The artist Israel Silvestre the Younger, who came from a French painter, illustrator, and engraver family of the 16th Century, was born on August 13, 1621 in Nancy. He already lost his parents in 1631 and went to Paris to be with his uncle Israel Henriet. The latter accepted him as a student and promoted the artistic talent of his nephew, which was evident at a young age. In addition, Silvestre studied with Jacques Callot (1592–1635) and met his friend Stefano della Bella (1610–64).
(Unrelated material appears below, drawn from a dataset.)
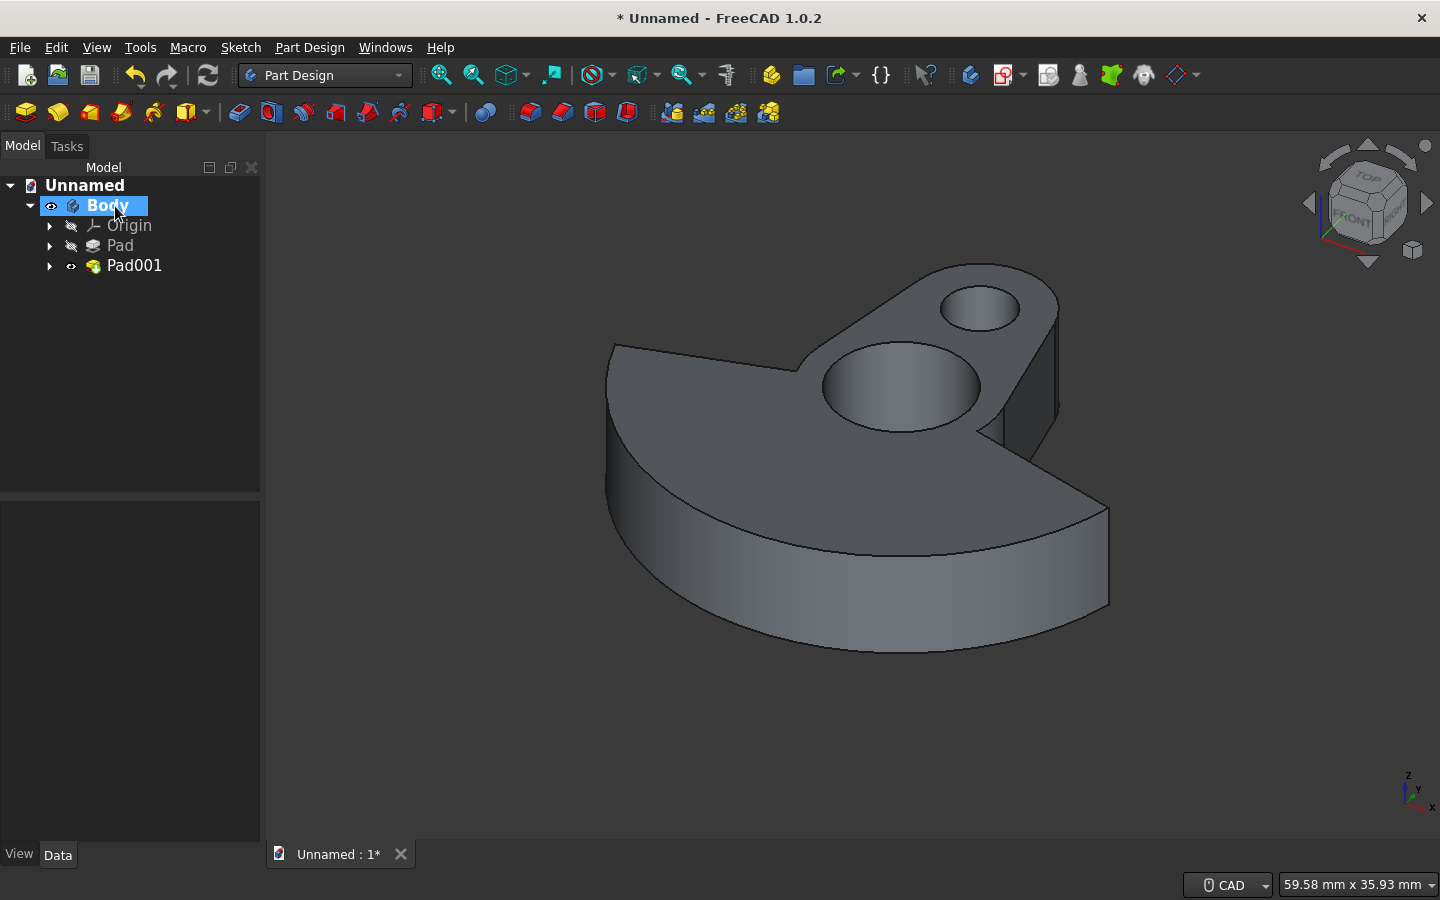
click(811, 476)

In 1640, the artist took his first trip through Italy, which was followed by others in 1643–44 and 1653. In 1659, he finally settled in Paris with his uncle but the latter died in 1661. Israël Silvestre took on the French nationality in this year. Two years later, he was appointed as the court painter and engraver by the French King Louis XIV (1638–1715). By commission of the French Minister of the Navy and Finance Jean-Baptiste Colbert (1619–83), the artist travelled through Lorraine and the Champagne in order to chronicle the newly conquered places in 1665. Altogether, the etched work by the artist covered more than 1000 pages and became an extremely informative document for the topography of France and Italy in the 17th Century. Israël Silvestre artistically recorded almost every place, monument, and castle of importance in these two countries. In addition, his works also include views of Rome and Paris, scenes from the Plaisirs de l’Isle enchantée, and festivals or amusements for the King of Versailles. Many of his drawings are now seen at the Louvre and the British Museum in London.
Starting on January 1, 1667, Israël Silvestre was the drawing-master for the pages of the Great Royal Stables and lived in the Louvre with his family beginning on April 10, 1668. He was accepted into the Académie Royale on December 6, 1667 and appointed as the drawing-master for the Dauphin on April 21, 1673. He held this office for twelve years.
Israël Silvestre died on October 11, 1691 in Paris.